(Collected data)
+--

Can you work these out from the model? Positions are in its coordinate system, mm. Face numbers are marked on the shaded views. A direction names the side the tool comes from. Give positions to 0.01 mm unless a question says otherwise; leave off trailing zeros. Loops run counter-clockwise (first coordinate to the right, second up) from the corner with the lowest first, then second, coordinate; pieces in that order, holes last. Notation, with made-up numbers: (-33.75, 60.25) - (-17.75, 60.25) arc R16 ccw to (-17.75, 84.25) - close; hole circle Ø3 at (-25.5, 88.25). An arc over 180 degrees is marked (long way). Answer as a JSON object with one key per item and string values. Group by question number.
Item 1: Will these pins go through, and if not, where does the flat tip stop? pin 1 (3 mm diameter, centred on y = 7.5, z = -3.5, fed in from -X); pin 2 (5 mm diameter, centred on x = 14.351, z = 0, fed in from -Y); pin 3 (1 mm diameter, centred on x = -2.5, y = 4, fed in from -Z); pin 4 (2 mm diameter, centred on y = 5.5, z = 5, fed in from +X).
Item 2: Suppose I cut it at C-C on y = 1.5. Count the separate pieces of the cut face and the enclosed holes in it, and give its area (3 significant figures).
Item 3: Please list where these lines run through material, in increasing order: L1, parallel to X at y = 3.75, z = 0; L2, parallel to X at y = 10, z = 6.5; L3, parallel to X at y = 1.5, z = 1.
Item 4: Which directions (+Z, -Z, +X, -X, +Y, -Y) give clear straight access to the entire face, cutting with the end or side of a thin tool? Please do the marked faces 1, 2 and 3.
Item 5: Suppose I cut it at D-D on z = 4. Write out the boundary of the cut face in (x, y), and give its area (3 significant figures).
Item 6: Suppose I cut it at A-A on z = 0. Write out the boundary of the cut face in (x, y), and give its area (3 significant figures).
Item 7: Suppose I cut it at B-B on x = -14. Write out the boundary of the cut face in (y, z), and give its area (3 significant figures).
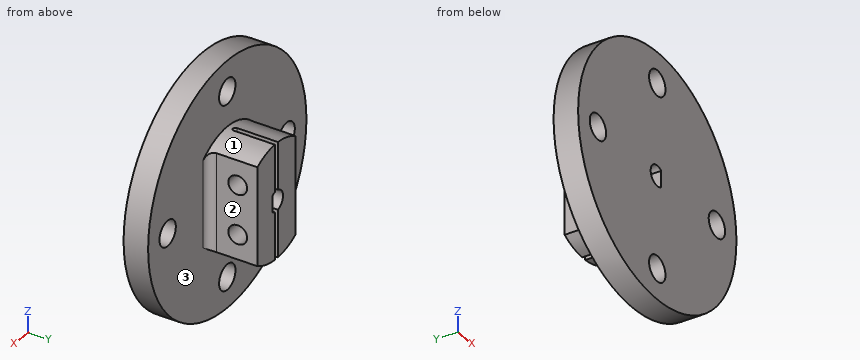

+--

The answer must consist of every line in the records above that contains the word "significant".

Item 2: Suppose I cut it at C-C on y = 1.5. Count the separate pieces of the cut face and the enclosed holes in it, and give its area (3 significant figures).
Item 5: Suppose I cut it at D-D on z = 4. Write out the boundary of the cut face in (x, y), and give its area (3 significant figures).
Item 6: Suppose I cut it at A-A on z = 0. Write out the boundary of the cut face in (x, y), and give its area (3 significant figures).
Item 7: Suppose I cut it at B-B on x = -14. Write out the boundary of the cut face in (y, z), and give its area (3 significant figures).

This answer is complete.